WORK TASK: Using the records below, quote only the span that opens with the line containing "subtitle Defining lattices" and closes with the line containing "text To include", exactly and inclusively.

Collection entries

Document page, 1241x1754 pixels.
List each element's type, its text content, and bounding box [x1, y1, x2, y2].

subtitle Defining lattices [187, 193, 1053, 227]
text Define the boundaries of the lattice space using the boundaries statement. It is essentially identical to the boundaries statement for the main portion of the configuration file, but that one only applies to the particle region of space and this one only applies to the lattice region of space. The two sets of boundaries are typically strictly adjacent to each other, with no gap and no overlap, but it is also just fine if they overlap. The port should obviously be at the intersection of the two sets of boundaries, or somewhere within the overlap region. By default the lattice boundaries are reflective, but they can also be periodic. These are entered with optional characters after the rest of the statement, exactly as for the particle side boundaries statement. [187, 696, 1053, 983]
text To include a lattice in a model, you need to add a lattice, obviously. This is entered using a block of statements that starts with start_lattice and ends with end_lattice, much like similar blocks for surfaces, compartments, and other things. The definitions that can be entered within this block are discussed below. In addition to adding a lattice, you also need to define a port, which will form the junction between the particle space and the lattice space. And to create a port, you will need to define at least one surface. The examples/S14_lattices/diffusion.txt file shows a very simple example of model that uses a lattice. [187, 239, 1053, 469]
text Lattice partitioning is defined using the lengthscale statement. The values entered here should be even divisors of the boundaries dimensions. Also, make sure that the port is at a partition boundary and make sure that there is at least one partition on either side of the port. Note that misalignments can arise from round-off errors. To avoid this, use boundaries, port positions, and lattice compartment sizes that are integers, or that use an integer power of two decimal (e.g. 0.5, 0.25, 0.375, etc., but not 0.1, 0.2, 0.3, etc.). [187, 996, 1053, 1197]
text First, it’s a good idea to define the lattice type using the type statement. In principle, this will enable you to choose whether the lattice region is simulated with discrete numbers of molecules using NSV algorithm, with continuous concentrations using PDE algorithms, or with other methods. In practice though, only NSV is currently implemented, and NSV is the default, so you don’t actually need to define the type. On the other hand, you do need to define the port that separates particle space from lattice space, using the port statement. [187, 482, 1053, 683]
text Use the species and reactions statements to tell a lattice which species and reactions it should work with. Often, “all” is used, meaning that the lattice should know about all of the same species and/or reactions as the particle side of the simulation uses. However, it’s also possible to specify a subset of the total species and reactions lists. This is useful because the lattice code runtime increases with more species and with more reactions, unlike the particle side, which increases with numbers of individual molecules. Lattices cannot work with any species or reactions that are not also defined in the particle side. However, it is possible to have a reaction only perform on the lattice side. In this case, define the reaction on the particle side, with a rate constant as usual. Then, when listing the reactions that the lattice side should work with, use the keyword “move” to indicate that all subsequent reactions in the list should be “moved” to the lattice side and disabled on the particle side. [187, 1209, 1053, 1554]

ANSWER TO THE EXERCISE:
subtitle Defining lattices [187, 193, 1053, 227]
text Define the boundaries of the lattice space using the boundaries statement. It is essentially identical to the boundaries statement for the main portion of the configuration file, but that one only applies to the particle region of space and this one only applies to the lattice region of space. The two sets of boundaries are typically strictly adjacent to each other, with no gap and no overlap, but it is also just fine if they overlap. The port should obviously be at the intersection of the two sets of boundaries, or somewhere within the overlap region. By default the lattice boundaries are reflective, but they can also be periodic. These are entered with optional characters after the rest of the statement, exactly as for the particle side boundaries statement. [187, 696, 1053, 983]
text To include a lattice in a model, you need to add a lattice, obviously. This is entered using a block of statements that starts with start_lattice and ends with end_lattice, much like similar blocks for surfaces, compartments, and other things. The definitions that can be entered within this block are discussed below. In addition to adding a lattice, you also need to define a port, which will form the junction between the particle space and the lattice space. And to create a port, you will need to define at least one surface. The examples/S14_lattices/diffusion.txt file shows a very simple example of model that uses a lattice. [187, 239, 1053, 469]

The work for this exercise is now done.